飯田・雨宮『脱貧困の経済学』(ちくま文庫)を読みました。第3章(「経済成長はもういらない」でほんとうにいいのか?)について少し書きます。
私の以前のブログとホームページでも説明しましたが、私自身は経済成長論者ではありません。しかし、本当の事を言うと、経済成長はもういらないという人に是非とも考えて欲しい重要な点が一つあります。それは同著でも言及されているように、一定の経済成長率(例えば2%)が達成されないと、労働需要が減り、失業者が増えるという「事実」です。
いま「事実」と書きましたが、それにはきちっとした根拠があります。ケインズやカレツキの問題提起を受け継いでいるポスト・ケインズ派の経済学者にとっては、ごく初歩的な事ですが、企業は売れるという見込み(つまり有効需要の期待)のもとに生産します。そして、その産出物は、消費財と生産財(資本財)に区分されます。これは、マクロ経済学の恒等式、Y=C+I でおなじみです。
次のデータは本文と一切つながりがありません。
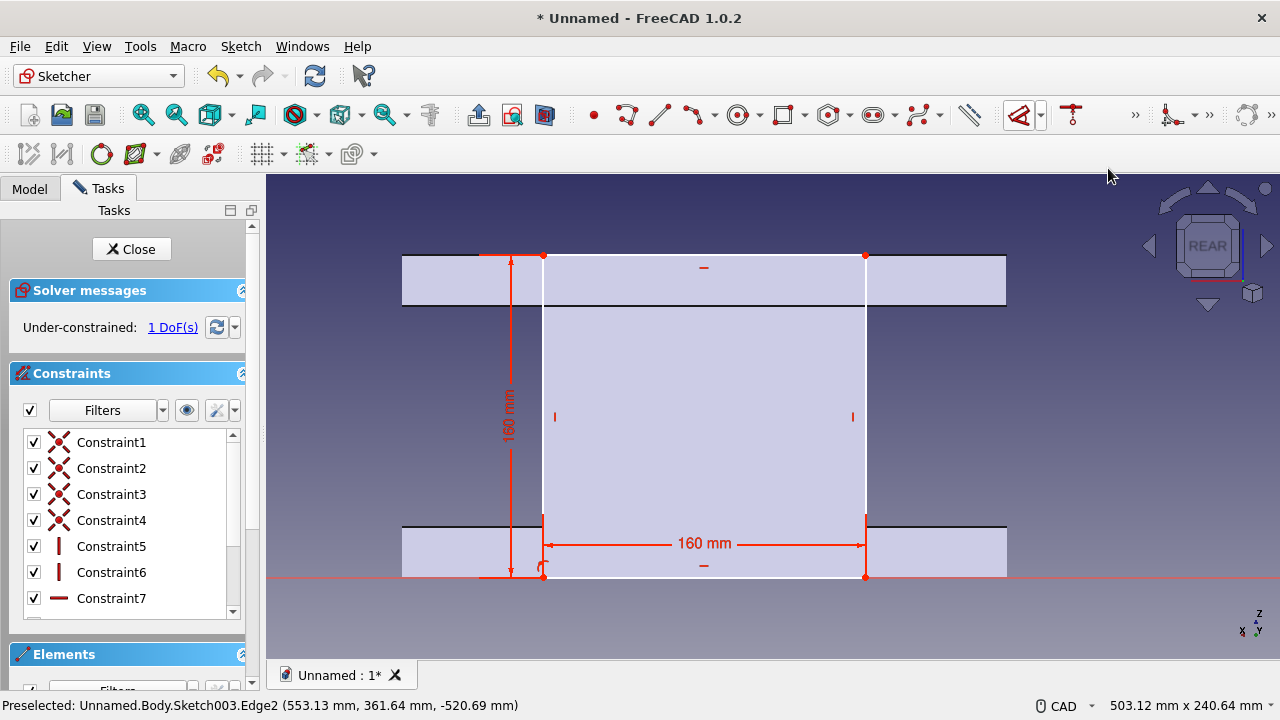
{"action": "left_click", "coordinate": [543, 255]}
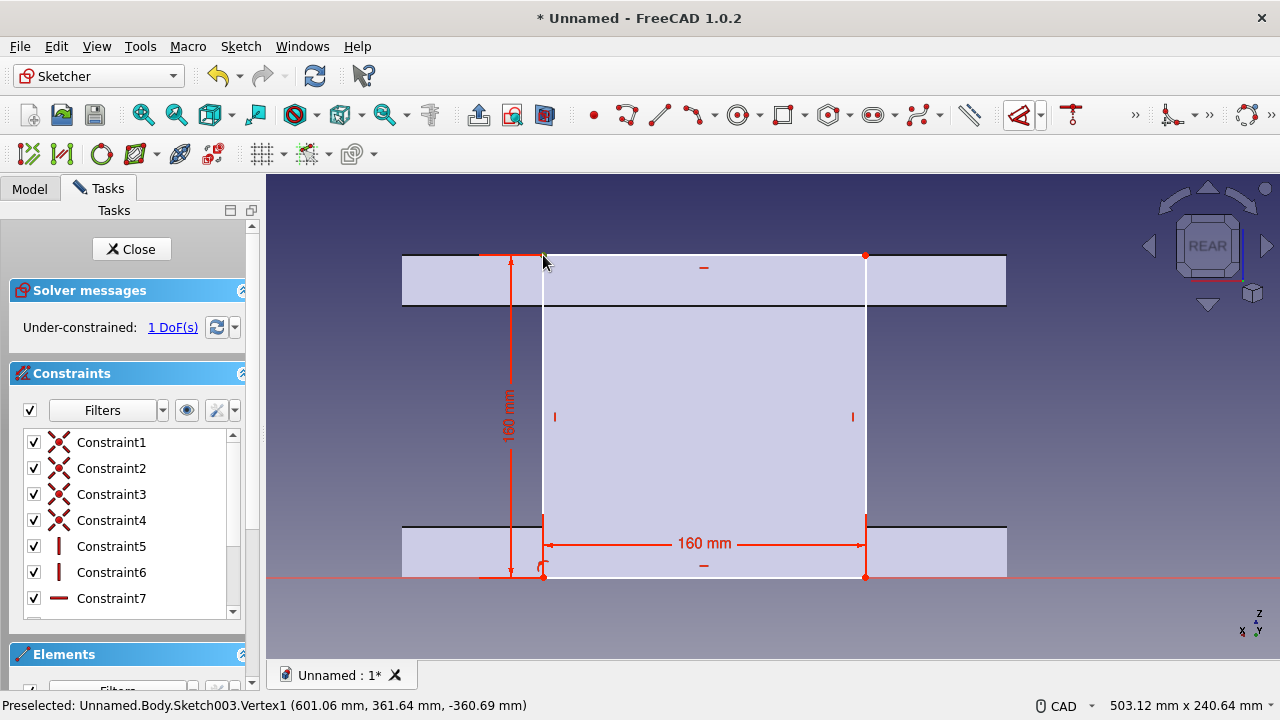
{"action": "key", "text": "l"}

ところが、I (投資)は、単に需要側から見ればよいというわけではありません。投資は、供給側から見ると資本装備の質(内容)と量を変えるという性質を持っています。いま簡単のために質的な変化については考えずに、量的な変化だけを考えることにします。また投資は減価償却費 D を含まない純投資と考えます。あるいは同じことですが、粗投資を I+D で示すことにします。すると期首の固定資本ストック K は、期末には K+I に増加します。もし資本係数 σまたはその逆数の資本効率 λ が一定ならば(実際アメリカの経済学者 E.Domar はそれらが安定的な数字であることを実証しました)、社会全体の生産力は I/K (資本蓄積率と言います)に等しいペースで拡大することになります。その上、もし企業によるリストラや労働者の技能の向上等のために一人あたりの労働強度が上昇すれば、資本効率も労働の生産性ももっと上昇します。
つまり経済がまったく成長しなくなったり、停滞しても、社会の生産力は成長し、その効果により労働力が過剰になるのです。そこで、もし一人あたりの労働時間が一定ならば、必ず特定の人が失業者となります。逆に言うと、ゼロ成長や経済停滞の条件下で失業者が増えないようにするためには、働いている人がワークシェアリングしなければなりません。
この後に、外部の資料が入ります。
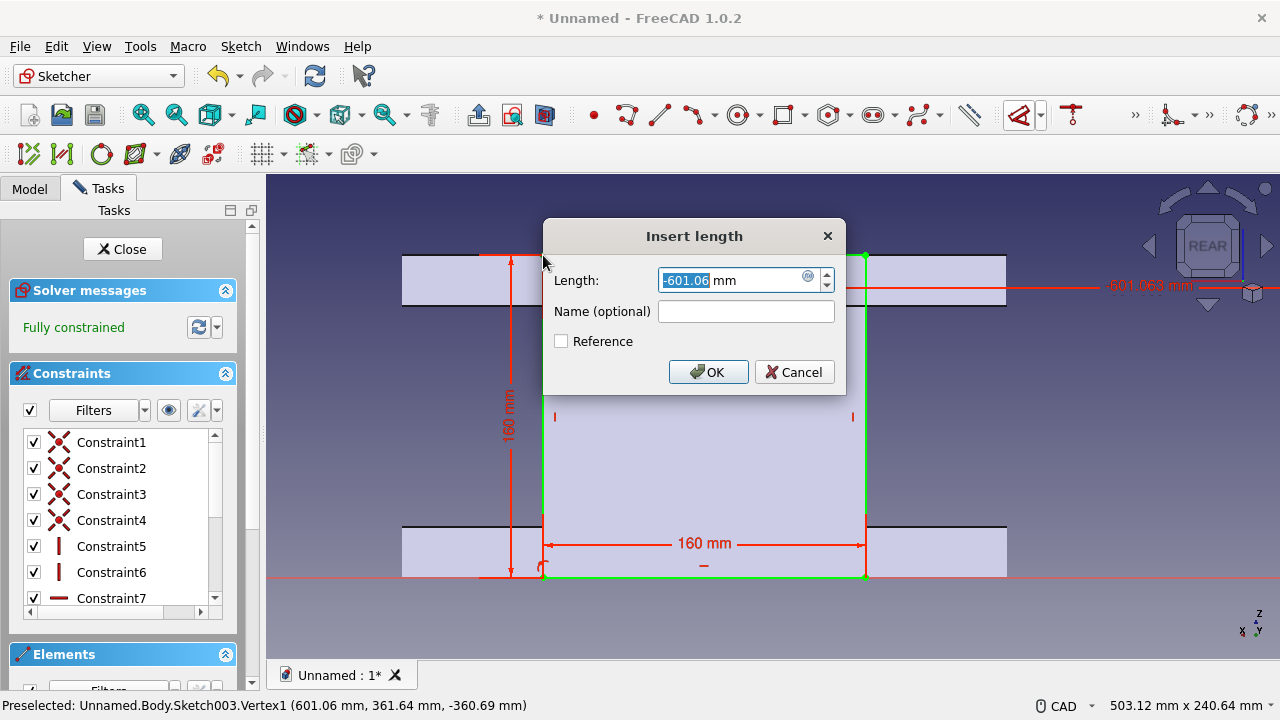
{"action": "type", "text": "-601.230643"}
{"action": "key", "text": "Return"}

2002年から2008年まで日本経済は史上最長の「景気拡張期間」を経験しました。しかし、景気拡張は雇用を拡大する好況を意味するわけではありません。その期間中の平均成長率は1%程度に過ぎませんでした。いまや私の上の説明を理解した人は、それでいいじゃないかと言えないはずです。もちろん「失業は失業した人の責任だ」などとも言えなくなります。
第3章における飯田氏の議論(特に金融政策によってなんとかしようという議論など)には、承服しかねるところもない訳ではありませんが、平均して1%の成長率が雇用の観点からみて低すぎるという部分は、正しい議論といえるでしょう。